Sequence and Features
- 10COMPATIBLE WITH RFC[10]
- 12COMPATIBLE WITH RFC[12]
- 21COMPATIBLE WITH RFC[21]
- 23COMPATIBLE WITH RFC[23]
- 25COMPATIBLE WITH RFC[25]
- 1000COMPATIBLE WITH RFC[1000]
Characterisation
This part was characterized during the 2012 HS competition by the Heidelberg LSL team
Fig. 1: Comparison of parts BBa_K862000 and BBa_K862001 via ONPG assay of Bl21(DE3) UV-irradiated for different times.
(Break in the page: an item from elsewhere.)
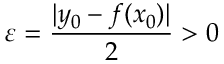<formula> <loc_0><loc_0><loc_500><loc_500>\varepsilon = { \frac { | y _ { 0 } - f ( x _ { 0 } ) | } { 2 } } > 0</formula> 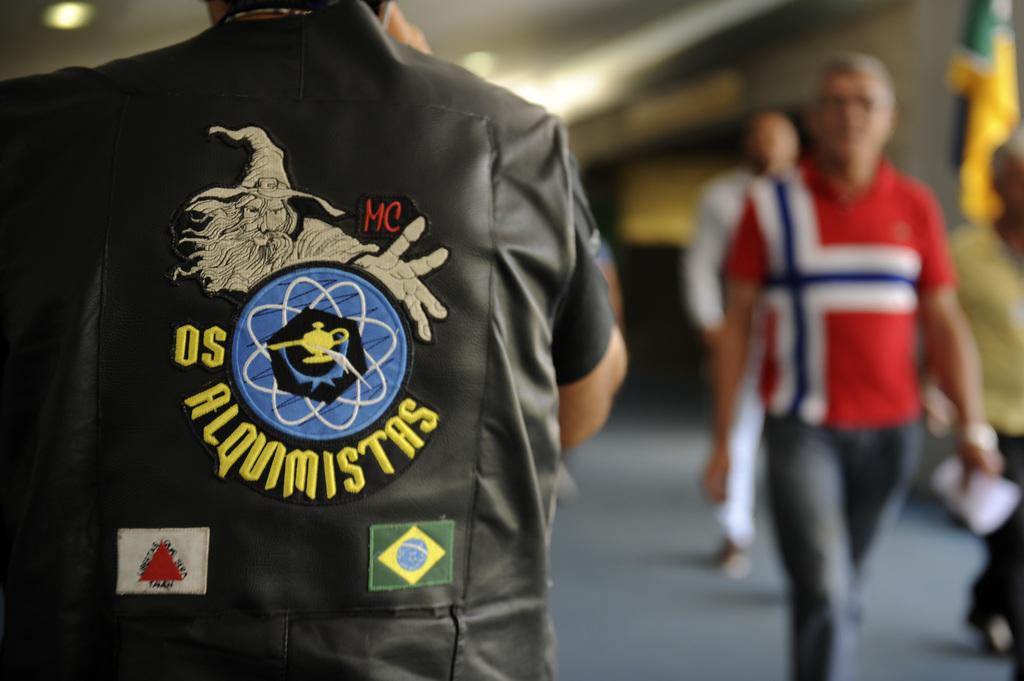What does his jacket say?
Your response must be concise. Alquimistas.

Both constructs show a strong correlation between the UV-irradiation time and the LacZ activity (production of o-nitrophenol).
Fig. 2: X-gal assay of Bl21(DE3) transformed with precA/precB/psulA_LacZ parts (BBa_K862000, BBa_K862001, BBa_K862002) and irradiated for different times. All constructs show a strong positive correlation between UV induction time and coloring of the wells. PrecA-LacZ (BBa_K862000) gives the lowest reporter background expression whereas psulA-LacZ (BBa_K862001) gives the highest overall coloring of the samples.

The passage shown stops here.